Among the records below, find the lines with the word "Genetic" and copy them.

### Source data
BEGIN

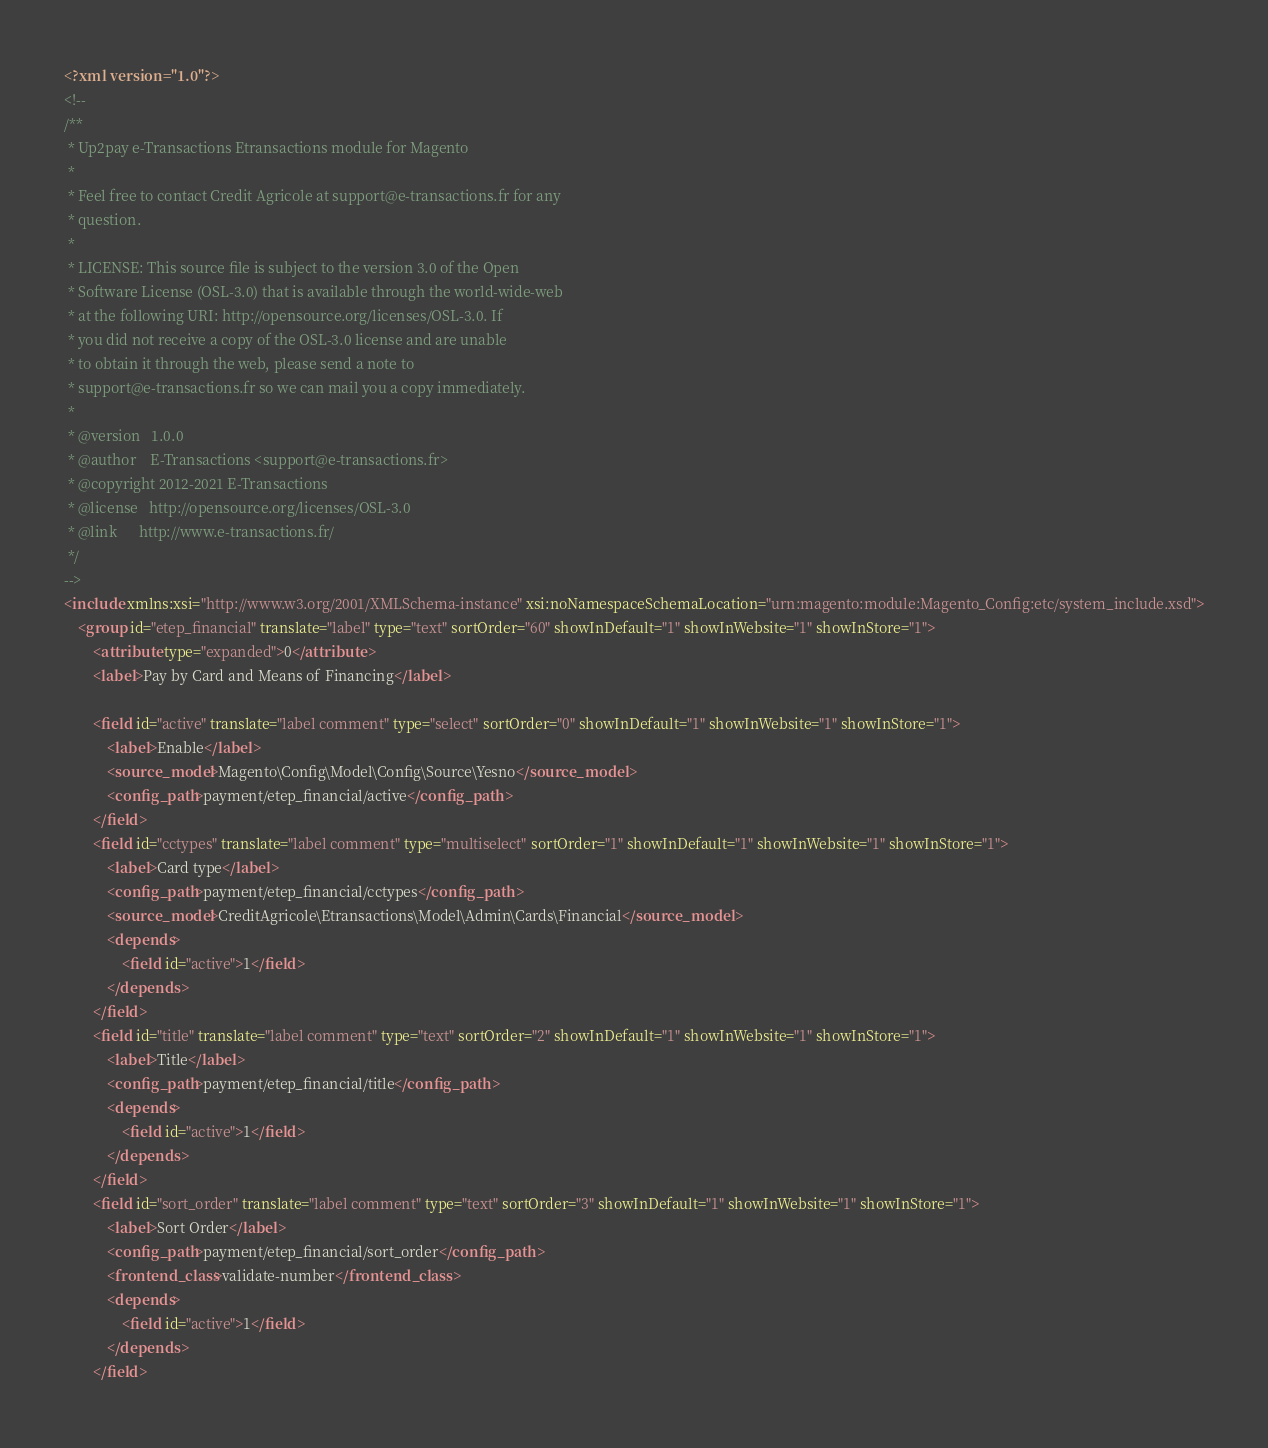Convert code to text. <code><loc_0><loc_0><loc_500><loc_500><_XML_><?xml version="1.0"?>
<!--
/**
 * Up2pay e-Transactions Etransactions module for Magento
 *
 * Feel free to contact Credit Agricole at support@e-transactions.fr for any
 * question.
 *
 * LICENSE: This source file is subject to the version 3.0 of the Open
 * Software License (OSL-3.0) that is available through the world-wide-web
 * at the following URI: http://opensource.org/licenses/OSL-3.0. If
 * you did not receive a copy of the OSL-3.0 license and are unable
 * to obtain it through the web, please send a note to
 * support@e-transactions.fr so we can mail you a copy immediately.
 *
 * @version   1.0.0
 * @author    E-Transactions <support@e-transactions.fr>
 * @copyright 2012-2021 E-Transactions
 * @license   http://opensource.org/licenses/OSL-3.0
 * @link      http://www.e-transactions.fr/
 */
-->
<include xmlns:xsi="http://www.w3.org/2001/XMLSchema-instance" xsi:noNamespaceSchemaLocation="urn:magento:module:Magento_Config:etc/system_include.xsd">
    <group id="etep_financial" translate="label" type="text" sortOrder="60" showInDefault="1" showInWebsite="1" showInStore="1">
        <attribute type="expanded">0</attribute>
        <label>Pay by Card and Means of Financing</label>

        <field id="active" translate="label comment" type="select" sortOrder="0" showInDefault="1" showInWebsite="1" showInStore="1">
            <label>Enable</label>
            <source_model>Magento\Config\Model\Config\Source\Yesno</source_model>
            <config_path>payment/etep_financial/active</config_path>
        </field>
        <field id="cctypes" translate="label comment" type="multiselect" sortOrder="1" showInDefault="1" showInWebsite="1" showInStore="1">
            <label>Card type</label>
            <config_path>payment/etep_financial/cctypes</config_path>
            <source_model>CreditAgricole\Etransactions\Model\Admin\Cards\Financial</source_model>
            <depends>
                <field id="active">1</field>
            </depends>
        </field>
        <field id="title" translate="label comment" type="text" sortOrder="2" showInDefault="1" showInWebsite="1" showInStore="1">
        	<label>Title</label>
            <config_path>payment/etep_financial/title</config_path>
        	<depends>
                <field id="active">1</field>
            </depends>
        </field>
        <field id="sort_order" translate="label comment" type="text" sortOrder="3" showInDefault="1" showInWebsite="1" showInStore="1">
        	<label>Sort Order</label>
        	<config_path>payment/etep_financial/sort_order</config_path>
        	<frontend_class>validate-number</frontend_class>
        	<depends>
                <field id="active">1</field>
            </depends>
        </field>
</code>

END
BEGIN

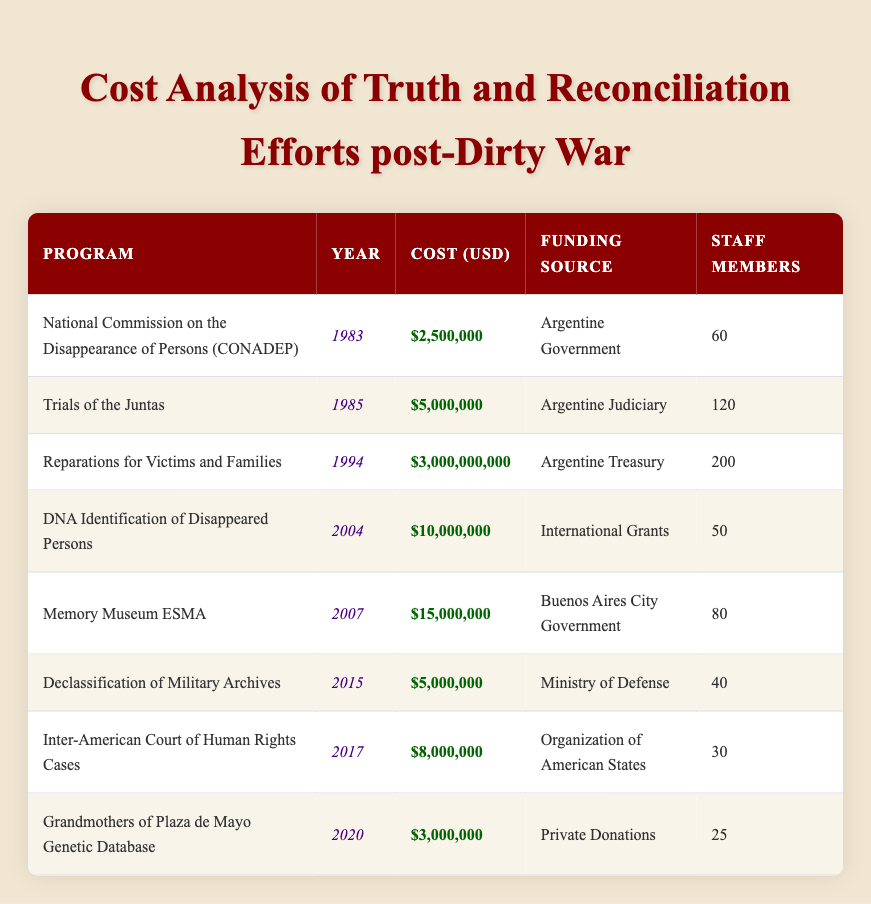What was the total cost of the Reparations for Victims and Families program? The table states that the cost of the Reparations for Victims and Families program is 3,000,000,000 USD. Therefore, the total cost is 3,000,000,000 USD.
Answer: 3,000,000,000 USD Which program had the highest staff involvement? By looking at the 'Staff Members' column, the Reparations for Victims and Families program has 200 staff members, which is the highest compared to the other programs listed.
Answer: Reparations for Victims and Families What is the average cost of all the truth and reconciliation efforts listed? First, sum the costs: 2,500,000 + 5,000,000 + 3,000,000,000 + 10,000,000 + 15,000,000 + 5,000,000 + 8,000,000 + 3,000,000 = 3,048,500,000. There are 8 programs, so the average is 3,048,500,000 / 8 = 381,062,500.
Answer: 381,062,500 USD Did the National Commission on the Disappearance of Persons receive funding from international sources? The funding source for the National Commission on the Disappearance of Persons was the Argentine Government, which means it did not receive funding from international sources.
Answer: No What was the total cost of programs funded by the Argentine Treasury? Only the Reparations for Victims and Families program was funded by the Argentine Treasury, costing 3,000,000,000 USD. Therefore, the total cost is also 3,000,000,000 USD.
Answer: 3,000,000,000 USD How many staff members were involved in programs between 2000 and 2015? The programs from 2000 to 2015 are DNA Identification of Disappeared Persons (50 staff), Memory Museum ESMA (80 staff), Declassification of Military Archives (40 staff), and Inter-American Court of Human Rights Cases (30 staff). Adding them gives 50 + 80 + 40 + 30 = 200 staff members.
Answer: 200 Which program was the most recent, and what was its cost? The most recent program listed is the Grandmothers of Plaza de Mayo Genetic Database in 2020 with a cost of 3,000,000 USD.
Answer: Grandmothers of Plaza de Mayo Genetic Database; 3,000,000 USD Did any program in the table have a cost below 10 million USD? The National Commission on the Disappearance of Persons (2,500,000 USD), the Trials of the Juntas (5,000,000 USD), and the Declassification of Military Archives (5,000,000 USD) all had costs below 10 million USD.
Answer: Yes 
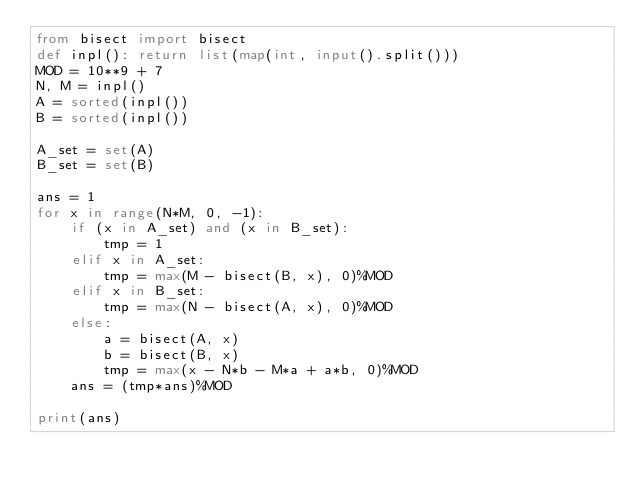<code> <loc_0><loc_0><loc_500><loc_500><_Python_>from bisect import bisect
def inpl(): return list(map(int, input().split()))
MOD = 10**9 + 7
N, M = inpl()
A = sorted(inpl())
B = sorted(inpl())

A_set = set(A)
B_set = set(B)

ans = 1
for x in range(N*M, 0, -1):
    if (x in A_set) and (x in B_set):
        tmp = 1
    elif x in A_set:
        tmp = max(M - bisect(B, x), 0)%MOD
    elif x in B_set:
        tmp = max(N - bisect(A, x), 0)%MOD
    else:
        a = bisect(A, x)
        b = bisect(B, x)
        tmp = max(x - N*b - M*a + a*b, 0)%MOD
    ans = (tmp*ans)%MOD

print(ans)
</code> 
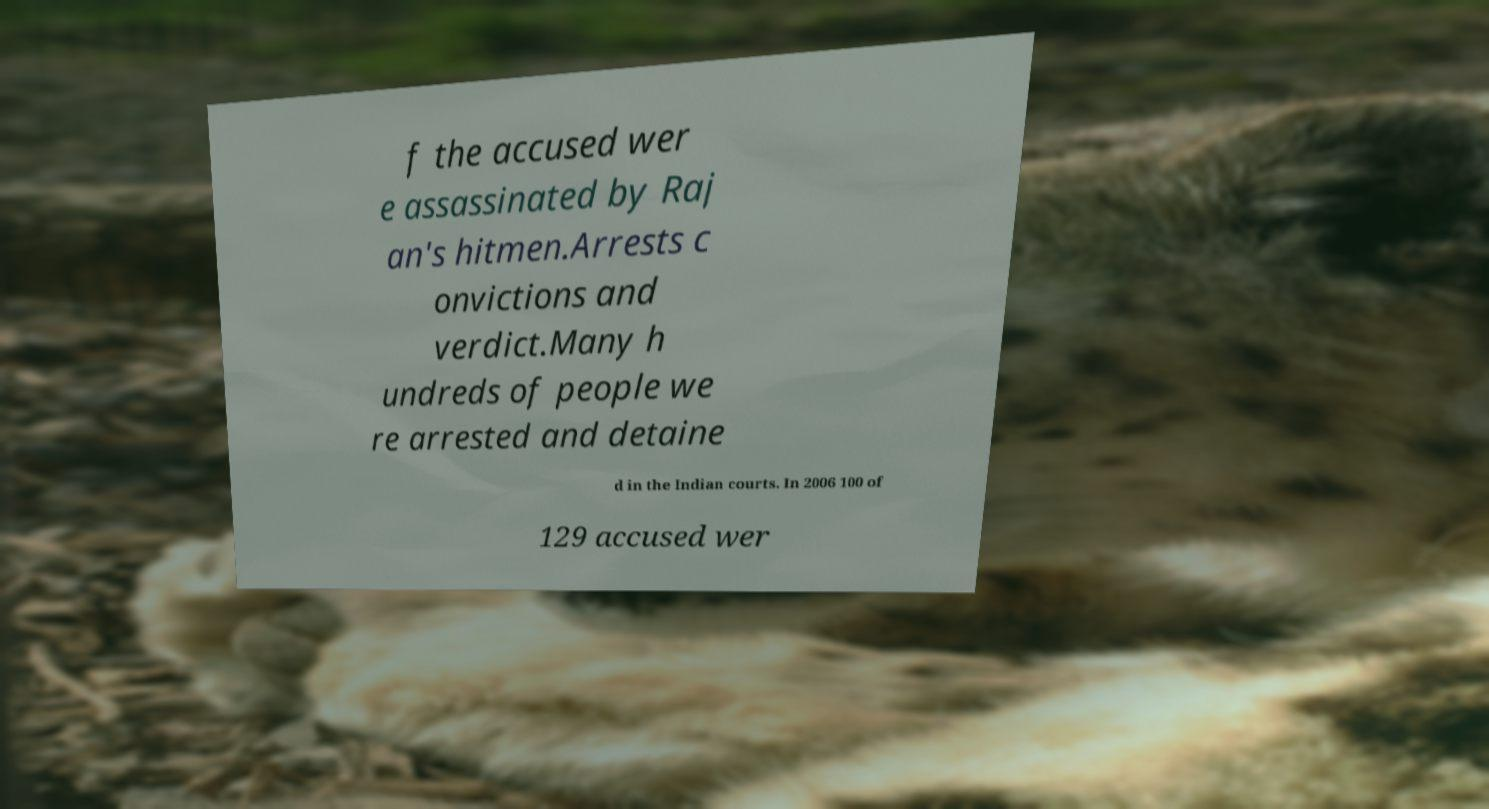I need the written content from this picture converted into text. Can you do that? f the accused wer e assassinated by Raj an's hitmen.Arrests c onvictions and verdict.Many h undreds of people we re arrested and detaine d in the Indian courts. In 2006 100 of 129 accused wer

END

### Your solution
Answer: 200 Which program was the most recent, and what was its cost? The most recent program listed is the Grandmothers of Plaza de Mayo Genetic Database in 2020 with a cost of 3,000,000 USD.
Answer: Grandmothers of Plaza de Mayo Genetic Database; 3,000,000 USD Did any program in the table have a cost below 10 million USD? The National Commission on the Disappearance of Persons (2,500,000 USD), the Trials of the Juntas (5,000,000 USD), and the Declassification of Military Archives (5,000,000 USD) all had costs below 10 million USD.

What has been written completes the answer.